[Opening Input data section]
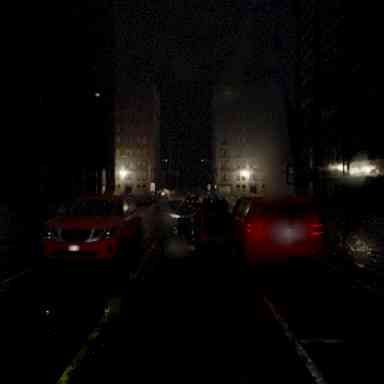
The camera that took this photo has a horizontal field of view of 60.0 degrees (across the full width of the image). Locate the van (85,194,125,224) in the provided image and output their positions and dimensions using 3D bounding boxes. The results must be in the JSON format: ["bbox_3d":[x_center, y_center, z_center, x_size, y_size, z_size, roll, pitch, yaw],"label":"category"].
[{"bbox_3d":[-5.851,1.067,22.740,1.690,1.788,3.998,0,1,0],"label":"van"}]

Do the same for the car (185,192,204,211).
[{"bbox_3d":[0.084,1.049,39.665,2.033,1.411,5.357,0,1,0],"label":"car"}]

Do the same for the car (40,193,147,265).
[{"bbox_3d":[-3.097,1.085,11.489,2.150,2.045,5.566,0,1,0],"label":"car"}]

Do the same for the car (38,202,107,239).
[{"bbox_3d":[-5.854,1.323,16.930,1.752,1.417,4.829,0,1,0],"label":"car"}]

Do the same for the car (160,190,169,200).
[{"bbox_3d":[-5.834,0.754,62.218,1.947,1.339,4.313,0,1,0],"label":"car"}]

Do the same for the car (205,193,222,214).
[{"bbox_3d":[2.680,1.129,33.995,2.008,1.369,4.403,0,1,0],"label":"car"}]

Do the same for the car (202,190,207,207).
[{"bbox_3d":[2.685,0.864,45.271,1.967,1.590,4.097,0,1,0],"label":"car"}]

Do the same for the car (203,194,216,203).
[{"bbox_3d":[2.687,0.927,50.912,1.802,1.307,4.206,0,1,0],"label":"car"}]

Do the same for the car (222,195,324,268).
[{"bbox_3d":[2.398,1.091,10.930,2.150,2.045,5.566,0,1,0],"label":"car"}]

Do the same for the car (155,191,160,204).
[{"bbox_3d":[-5.841,0.864,45.299,1.967,1.590,4.097,0,1,0],"label":"car"}]

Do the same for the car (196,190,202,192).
[{"bbox_3d":[0.019,0.857,49.444,2.128,1.511,4.902,0,1,0],"label":"car"}]

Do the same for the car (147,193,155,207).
[{"bbox_3d":[-5.843,1.083,39.660,1.802,1.307,4.206,0,1,0],"label":"car"}]

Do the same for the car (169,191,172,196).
[{"bbox_3d":[-5.831,0.424,67.854,2.192,1.841,5.009,0,1,0],"label":"car"}]

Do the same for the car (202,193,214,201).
[Closing Input data section]
# Work to be completed:
Your output must be the exact lines from the one containing "Do the same for the car (222,195,324,268)." through the end of the data above, both included, and nothing more.

# Result below:
Do the same for the car (222,195,324,268).
[{"bbox_3d":[2.398,1.091,10.930,2.150,2.045,5.566,0,1,0],"label":"car"}]

Do the same for the car (155,191,160,204).
[{"bbox_3d":[-5.841,0.864,45.299,1.967,1.590,4.097,0,1,0],"label":"car"}]

Do the same for the car (196,190,202,192).
[{"bbox_3d":[0.019,0.857,49.444,2.128,1.511,4.902,0,1,0],"label":"car"}]

Do the same for the car (147,193,155,207).
[{"bbox_3d":[-5.843,1.083,39.660,1.802,1.307,4.206,0,1,0],"label":"car"}]

Do the same for the car (169,191,172,196).
[{"bbox_3d":[-5.831,0.424,67.854,2.192,1.841,5.009,0,1,0],"label":"car"}]

Do the same for the car (202,193,214,201).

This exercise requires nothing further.